What you are asked to do -
Your copy must hold all of the data below, unchanged and without images.

(Data begins)

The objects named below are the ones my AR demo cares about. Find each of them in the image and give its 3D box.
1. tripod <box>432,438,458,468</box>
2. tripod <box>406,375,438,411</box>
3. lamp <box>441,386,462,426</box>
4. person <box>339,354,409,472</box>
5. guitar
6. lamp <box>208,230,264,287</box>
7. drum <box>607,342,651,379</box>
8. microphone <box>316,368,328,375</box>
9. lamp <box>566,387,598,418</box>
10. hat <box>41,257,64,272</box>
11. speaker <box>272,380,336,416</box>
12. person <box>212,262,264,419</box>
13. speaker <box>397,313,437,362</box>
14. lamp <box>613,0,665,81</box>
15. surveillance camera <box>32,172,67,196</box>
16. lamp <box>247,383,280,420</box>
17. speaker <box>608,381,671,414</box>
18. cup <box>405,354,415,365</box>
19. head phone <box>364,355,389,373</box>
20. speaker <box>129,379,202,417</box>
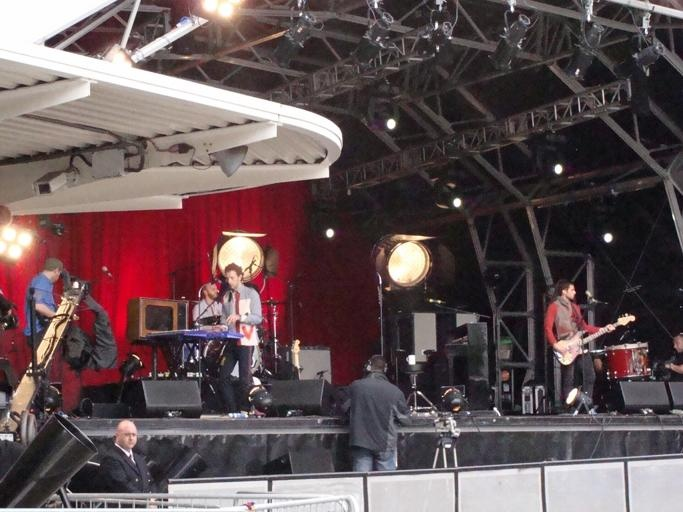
[{"bbox_3d":[1.226,2.337,11.004,0.305,0.321,0.508,-2,-12,7],"label":"tripod"},{"bbox_3d":[1.113,1.980,13.133,0.452,0.573,0.482,1,-12,-5],"label":"tripod"},{"bbox_3d":[1.360,1.833,11.458,0.196,0.234,0.361,3,26,-3],"label":"lamp"},{"bbox_3d":[0.431,1.783,10.678,0.666,1.343,0.693,2,-11,-13],"label":"person"},{"bbox_3d":[3.560,1.190,13.022,0.518,0.798,1.675,-10,-16,39],"label":"guitar"},{"bbox_3d":[-1.542,-0.006,13.959,0.619,0.867,0.265,16,-4,-25],"label":"lamp"},{"bbox_3d":[4.137,1.570,13.329,0.498,0.441,0.526,-8,-12,29],"label":"drum"},{"bbox_3d":[-0.297,1.882,14.850,0.165,0.068,0.089,-24,-20,-28],"label":"microphone"},{"bbox_3d":[3.224,2.003,12.615,0.433,0.529,0.374,-2,-9,9],"label":"lamp"},{"bbox_3d":[-3.672,0.118,11.830,0.128,0.173,0.158,13,24,39],"label":"hat"},{"bbox_3d":[-0.490,1.740,11.388,0.722,0.422,0.253,1,-11,-7],"label":"speaker"},{"bbox_3d":[-1.250,1.003,11.582,0.533,1.911,0.678,1,-11,-6],"label":"person"},{"bbox_3d":[1.160,1.230,14.049,0.607,0.761,0.411,-2,-11,5],"label":"speaker"},{"bbox_3d":[3.946,-2.928,12.391,0.634,0.960,1.757,-5,-13,20],"label":"lamp"},{"bbox_3d":[-2.698,-0.674,8.602,0.131,0.149,0.254,11,29,27],"label":"surveillance camera"},{"bbox_3d":[-0.927,1.755,11.277,0.394,0.375,0.373,4,-13,-20],"label":"lamp"},{"bbox_3d":[4.091,1.998,12.774,0.573,0.380,0.489,3,-24,-17],"label":"speaker"},{"bbox_3d":[1.015,1.508,13.337,0.081,0.131,0.125,7,-9,-38],"label":"cup"},{"bbox_3d":[0.429,1.302,11.125,0.225,0.287,0.277,4,-23,0],"label":"head phone"},{"bbox_3d":[-1.895,1.588,10.312,0.592,0.522,0.394,8,1,-17],"label":"speaker"}]

(Data ends)

Written answer -
The objects named below are the ones my AR demo cares about. Find each of them in the image and give its 3D box.
1. tripod <box>432,438,458,468</box>
2. tripod <box>406,375,438,411</box>
3. lamp <box>441,386,462,426</box>
4. person <box>339,354,409,472</box>
5. guitar
6. lamp <box>208,230,264,287</box>
7. drum <box>607,342,651,379</box>
8. microphone <box>316,368,328,375</box>
9. lamp <box>566,387,598,418</box>
10. hat <box>41,257,64,272</box>
11. speaker <box>272,380,336,416</box>
12. person <box>212,262,264,419</box>
13. speaker <box>397,313,437,362</box>
14. lamp <box>613,0,665,81</box>
15. surveillance camera <box>32,172,67,196</box>
16. lamp <box>247,383,280,420</box>
17. speaker <box>608,381,671,414</box>
18. cup <box>405,354,415,365</box>
19. head phone <box>364,355,389,373</box>
20. speaker <box>129,379,202,417</box>
[{"bbox_3d":[1.226,2.337,11.004,0.305,0.321,0.508,-2,-12,7],"label":"tripod"},{"bbox_3d":[1.113,1.980,13.133,0.452,0.573,0.482,1,-12,-5],"label":"tripod"},{"bbox_3d":[1.360,1.833,11.458,0.196,0.234,0.361,3,26,-3],"label":"lamp"},{"bbox_3d":[0.431,1.783,10.678,0.666,1.343,0.693,2,-11,-13],"label":"person"},{"bbox_3d":[3.560,1.190,13.022,0.518,0.798,1.675,-10,-16,39],"label":"guitar"},{"bbox_3d":[-1.542,-0.006,13.959,0.619,0.867,0.265,16,-4,-25],"label":"lamp"},{"bbox_3d":[4.137,1.570,13.329,0.498,0.441,0.526,-8,-12,29],"label":"drum"},{"bbox_3d":[-0.297,1.882,14.850,0.165,0.068,0.089,-24,-20,-28],"label":"microphone"},{"bbox_3d":[3.224,2.003,12.615,0.433,0.529,0.374,-2,-9,9],"label":"lamp"},{"bbox_3d":[-3.672,0.118,11.830,0.128,0.173,0.158,13,24,39],"label":"hat"},{"bbox_3d":[-0.490,1.740,11.388,0.722,0.422,0.253,1,-11,-7],"label":"speaker"},{"bbox_3d":[-1.250,1.003,11.582,0.533,1.911,0.678,1,-11,-6],"label":"person"},{"bbox_3d":[1.160,1.230,14.049,0.607,0.761,0.411,-2,-11,5],"label":"speaker"},{"bbox_3d":[3.946,-2.928,12.391,0.634,0.960,1.757,-5,-13,20],"label":"lamp"},{"bbox_3d":[-2.698,-0.674,8.602,0.131,0.149,0.254,11,29,27],"label":"surveillance camera"},{"bbox_3d":[-0.927,1.755,11.277,0.394,0.375,0.373,4,-13,-20],"label":"lamp"},{"bbox_3d":[4.091,1.998,12.774,0.573,0.380,0.489,3,-24,-17],"label":"speaker"},{"bbox_3d":[1.015,1.508,13.337,0.081,0.131,0.125,7,-9,-38],"label":"cup"},{"bbox_3d":[0.429,1.302,11.125,0.225,0.287,0.277,4,-23,0],"label":"head phone"},{"bbox_3d":[-1.895,1.588,10.312,0.592,0.522,0.394,8,1,-17],"label":"speaker"}]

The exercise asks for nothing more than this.